## Exercise prompt
In your copy, repeat each record exactly and include no pictures.

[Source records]
= = = =

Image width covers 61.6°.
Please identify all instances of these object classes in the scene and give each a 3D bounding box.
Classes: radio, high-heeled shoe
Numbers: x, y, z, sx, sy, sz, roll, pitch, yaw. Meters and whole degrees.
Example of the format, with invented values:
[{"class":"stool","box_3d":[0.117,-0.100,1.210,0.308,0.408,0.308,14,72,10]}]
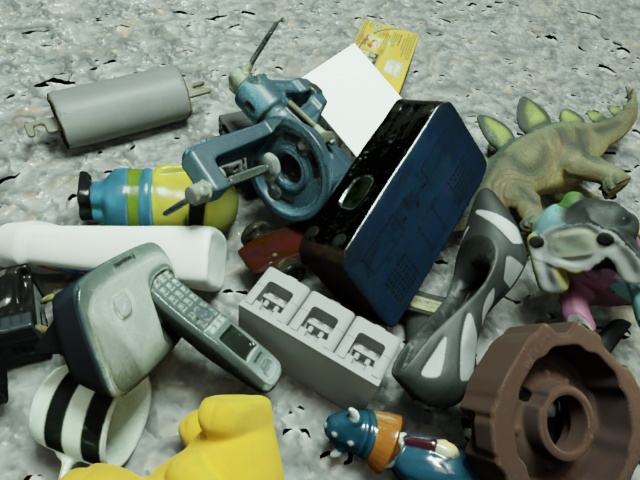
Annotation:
[{"class":"radio","box_3d":[0.084,-0.035,0.585,0.073,0.131,0.229,16,67,46]},{"class":"high-heeled shoe","box_3d":[0.134,0.045,0.552,0.145,0.086,0.249,15,63,-25]}]

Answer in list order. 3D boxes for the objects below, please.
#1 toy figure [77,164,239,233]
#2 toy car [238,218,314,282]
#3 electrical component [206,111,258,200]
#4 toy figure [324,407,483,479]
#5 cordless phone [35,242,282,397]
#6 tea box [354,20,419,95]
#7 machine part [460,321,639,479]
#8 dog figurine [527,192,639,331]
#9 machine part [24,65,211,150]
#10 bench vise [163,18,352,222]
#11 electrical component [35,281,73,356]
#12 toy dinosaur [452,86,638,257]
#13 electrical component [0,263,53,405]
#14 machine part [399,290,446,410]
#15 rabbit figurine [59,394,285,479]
[{"class":"toy figure","box_3d":[-0.187,-0.042,0.629,0.180,0.082,0.089,-3,65,-16]},{"class":"toy car","box_3d":[-0.001,-0.002,0.644,0.202,0.053,0.089,-24,55,-29]},{"class":"electrical component","box_3d":[-0.080,-0.118,0.716,0.134,0.058,0.115,-18,56,-22]},{"class":"toy figure","box_3d":[0.076,0.199,0.499,0.155,0.057,0.064,26,84,9]},{"class":"cordless phone","box_3d":[-0.124,0.093,0.462,0.184,0.088,0.146,35,17,0]},{"class":"tea box","box_3d":[0.089,-0.266,0.847,0.098,0.068,0.170,20,52,5]},{"class":"machine part","box_3d":[0.209,0.161,0.482,0.179,0.056,0.179,4,79,-23]},{"class":"dog figurine","box_3d":[0.332,0.007,0.622,0.219,0.108,0.191,-40,103,-49]},{"class":"machine part","box_3d":[-0.265,-0.179,0.720,0.243,0.079,0.079,-22,60,-22]},{"class":"bench vise","box_3d":[-0.063,-0.104,0.590,0.240,0.129,0.223,-32,88,-45]},{"class":"electrical component","box_3d":[-0.233,0.081,0.530,0.078,0.045,0.102,-3,25,-19]},{"class":"toy dinosaur","box_3d":[0.321,-0.110,0.744,0.471,0.105,0.199,-22,60,-22]},{"class":"electrical component","box_3d":[-0.291,0.091,0.514,0.048,0.074,0.119,-14,53,-17]},{"class":"machine part","box_3d":[0.118,0.113,0.587,0.084,0.039,0.139,15,50,-9]},{"class":"rabbit figurine","box_3d":[-0.121,0.212,0.425,0.173,0.122,0.162,2,74,-33]}]
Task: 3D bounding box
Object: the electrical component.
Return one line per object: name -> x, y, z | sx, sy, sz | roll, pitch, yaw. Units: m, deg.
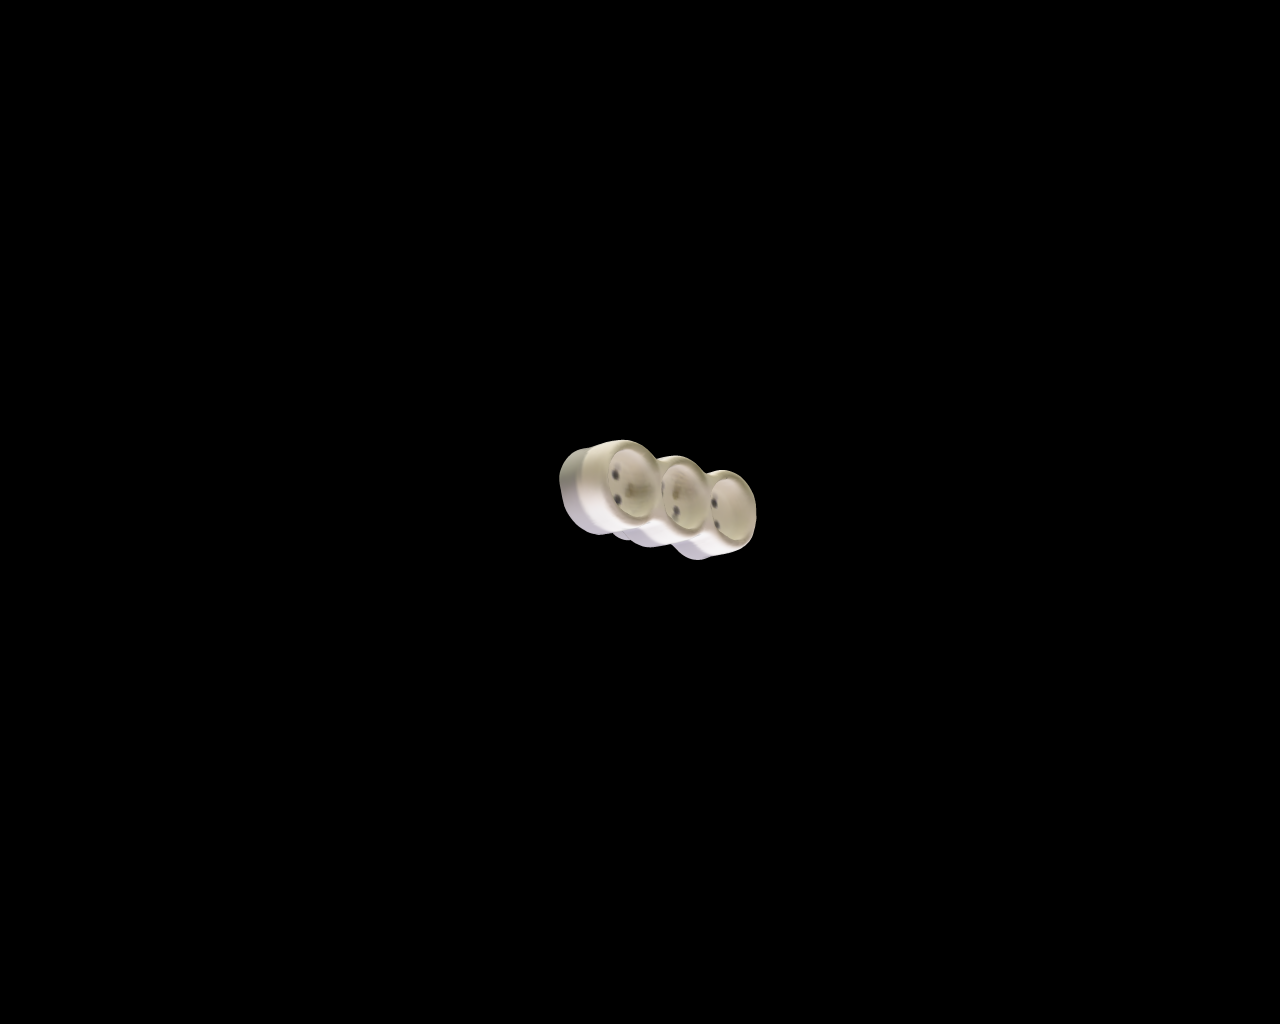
electrical component -> 0.001, -0.003, 0.650 | 0.073, 0.052, 0.138 | -14, -20, 42
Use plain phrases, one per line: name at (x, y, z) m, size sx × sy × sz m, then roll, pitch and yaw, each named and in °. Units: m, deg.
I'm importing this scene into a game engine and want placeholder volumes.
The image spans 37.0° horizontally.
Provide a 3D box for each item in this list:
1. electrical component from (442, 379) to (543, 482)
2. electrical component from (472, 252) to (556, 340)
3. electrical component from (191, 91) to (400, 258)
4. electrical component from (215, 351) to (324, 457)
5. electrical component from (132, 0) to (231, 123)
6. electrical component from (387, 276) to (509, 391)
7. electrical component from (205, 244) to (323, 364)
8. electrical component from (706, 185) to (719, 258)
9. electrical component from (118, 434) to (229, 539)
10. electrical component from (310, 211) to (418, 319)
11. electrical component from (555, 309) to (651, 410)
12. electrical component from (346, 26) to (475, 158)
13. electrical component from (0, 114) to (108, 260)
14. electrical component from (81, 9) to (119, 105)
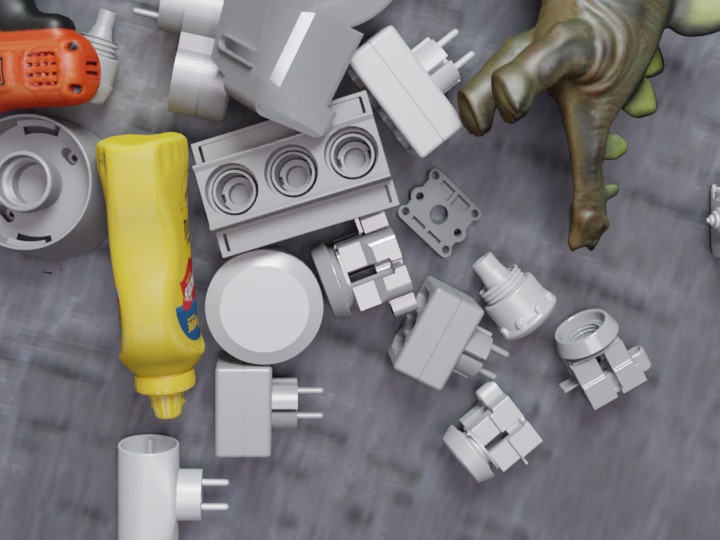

= = = =

## Solution to this exercise
Image width covers 61.6°.
Please identify all instances of these object classes in the scene and give each a 3D bounding box.
Classes: radio, high-heeled shoe
Numbers: x, y, z, sx, sy, sz, roll, pitch, yaw. Meters and whole degrees.
Example of the format, with invented values:
[{"class":"stool","box_3d":[0.117,-0.100,1.210,0.308,0.408,0.308,14,72,10]}]
Annotation:
[{"class":"radio","box_3d":[0.084,-0.035,0.585,0.073,0.131,0.229,16,67,46]},{"class":"high-heeled shoe","box_3d":[0.134,0.045,0.552,0.145,0.086,0.249,15,63,-25]}]

Answer in list order. 3D boxes for the objects below, please.
#1 toy figure [77,164,239,233]
#2 toy car [238,218,314,282]
#3 electrical component [206,111,258,200]
#4 toy figure [324,407,483,479]
#5 cordless phone [35,242,282,397]
#6 tea box [354,20,419,95]
#7 machine part [460,321,639,479]
#8 dog figurine [527,192,639,331]
#9 machine part [24,65,211,150]
#10 bench vise [163,18,352,222]
#11 electrical component [35,281,73,356]
#12 toy dinosaur [452,86,638,257]
#13 electrical component [0,263,53,405]
#14 machine part [399,290,446,410]
#15 rabbit figurine [59,394,285,479]
[{"class":"toy figure","box_3d":[-0.187,-0.042,0.629,0.180,0.082,0.089,-3,65,-16]},{"class":"toy car","box_3d":[-0.001,-0.002,0.644,0.202,0.053,0.089,-24,55,-29]},{"class":"electrical component","box_3d":[-0.080,-0.118,0.716,0.134,0.058,0.115,-18,56,-22]},{"class":"toy figure","box_3d":[0.076,0.199,0.499,0.155,0.057,0.064,26,84,9]},{"class":"cordless phone","box_3d":[-0.124,0.093,0.462,0.184,0.088,0.146,35,17,0]},{"class":"tea box","box_3d":[0.089,-0.266,0.847,0.098,0.068,0.170,20,52,5]},{"class":"machine part","box_3d":[0.209,0.161,0.482,0.179,0.056,0.179,4,79,-23]},{"class":"dog figurine","box_3d":[0.332,0.007,0.622,0.219,0.108,0.191,-40,103,-49]},{"class":"machine part","box_3d":[-0.265,-0.179,0.720,0.243,0.079,0.079,-22,60,-22]},{"class":"bench vise","box_3d":[-0.063,-0.104,0.590,0.240,0.129,0.223,-32,88,-45]},{"class":"electrical component","box_3d":[-0.233,0.081,0.530,0.078,0.045,0.102,-3,25,-19]},{"class":"toy dinosaur","box_3d":[0.321,-0.110,0.744,0.471,0.105,0.199,-22,60,-22]},{"class":"electrical component","box_3d":[-0.291,0.091,0.514,0.048,0.074,0.119,-14,53,-17]},{"class":"machine part","box_3d":[0.118,0.113,0.587,0.084,0.039,0.139,15,50,-9]},{"class":"rabbit figurine","box_3d":[-0.121,0.212,0.425,0.173,0.122,0.162,2,74,-33]}]
Task: 3D bounding box
Object: the electrical component.
Return one line per object: name -> x, y, z | sx, sy, sz | roll, pitch, yaw. Units: m, deg.
electrical component -> 0.001, -0.003, 0.650 | 0.073, 0.052, 0.138 | -14, -20, 42
Use plain phrases, one per line: name at (x, y, z) m, size sx × sy × sz m, then roll, pitch and yaw, each named and in °. Units: m, deg.
I'm importing this scene into a game engine and want placeholder volumes.
The image spans 37.0° horizontally.
Provide a 3D box for each item in this list:
1. electrical component from (442, 379) to (543, 482)
2. electrical component from (472, 252) to (556, 340)
3. electrical component from (191, 91) to (400, 258)
4. electrical component from (215, 351) to (324, 457)
5. electrical component from (132, 0) to (231, 123)
6. electrical component from (387, 276) to (509, 391)
7. electrical component from (205, 244) to (323, 364)
8. electrical component from (706, 185) to (719, 258)
9. electrical component from (118, 434) to (229, 539)
10. electrical component from (310, 211) to (418, 319)
11. electrical component from (555, 309) to (651, 410)
12. electrical component from (346, 26) to (475, 158)
13. electrical component from (0, 114) to (108, 260)
14. electrical component from (81, 9) to (119, 105)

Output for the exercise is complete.